When you install Messenger, the fine print advises you that you'll be giving Facebook permission to "take pictures and videos," "record audio," "know your precise location" using the phone's GPS and to "read your contacts."
"Big brother, overzealous lawyer... creepy," said Facebook user Mike.
But University of Houston College of Technology Director Art Conklin says it's not as creepy as it sounds.
"Does an app like Facebook Messenger need to see my contact list?" asked Conklin. "If I want seamless integration... yes! That's what I'm asking for is so that when I click on my friend, it knows who they are, and it can connect to them."
A Facebook spokesperson told us Messenger allows video and voice-based messages and that's why it would need to access your camera and microphone.
"But what else can they use that information for?" Conklin asked. "I've given them permission to use that information not just for what I want to use it for or what they thought I wanted to use it for, but for all the uses they can use it for."
That is the big question, but Conklin says he's far less concerned about the big Facebooks, Microsofts and Googles of the world.
"Do you trust Facebook?" asked Conklin. "I would. It's in their interest not to harm their user base."

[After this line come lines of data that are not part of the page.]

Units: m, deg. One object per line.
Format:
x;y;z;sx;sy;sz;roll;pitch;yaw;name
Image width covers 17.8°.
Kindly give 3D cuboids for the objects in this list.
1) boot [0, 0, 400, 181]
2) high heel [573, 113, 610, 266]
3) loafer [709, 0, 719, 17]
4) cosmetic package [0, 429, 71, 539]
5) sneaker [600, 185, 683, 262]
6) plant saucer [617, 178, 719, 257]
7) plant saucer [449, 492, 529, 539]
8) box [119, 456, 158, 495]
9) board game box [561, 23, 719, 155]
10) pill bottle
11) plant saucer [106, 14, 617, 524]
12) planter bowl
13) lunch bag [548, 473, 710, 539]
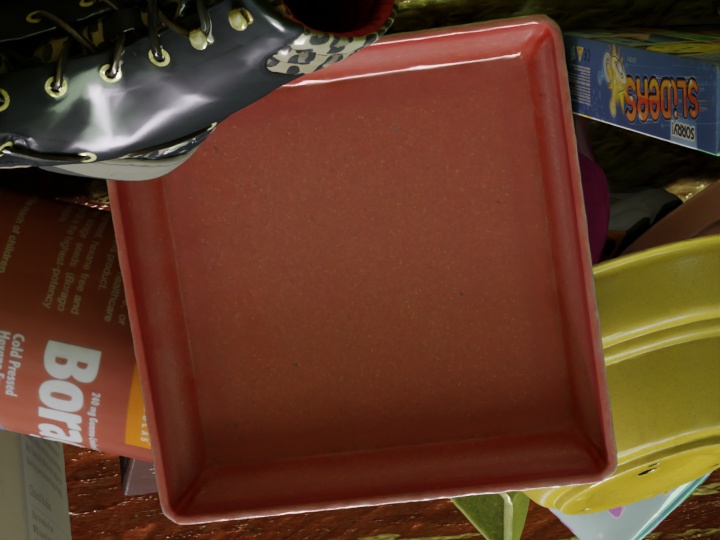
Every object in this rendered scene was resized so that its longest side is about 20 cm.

The permissions requested by Messenger are common in the world of apps, and with more than half a million available, it's difficult to know who is looking at your pictures, reading your contacts and pinpointing your location.
"You should consider the majority of these like people you meet on the street," explained Conklin. "You have no idea who they are. Would you be willing to share that same information with a random stranger?"
The next time you download an app, make sure you read the terms of service. Ask yourself, for example, if you're downloading a flashlight app, why would it need access to your contacts? If it doesn't make sense, don't download it.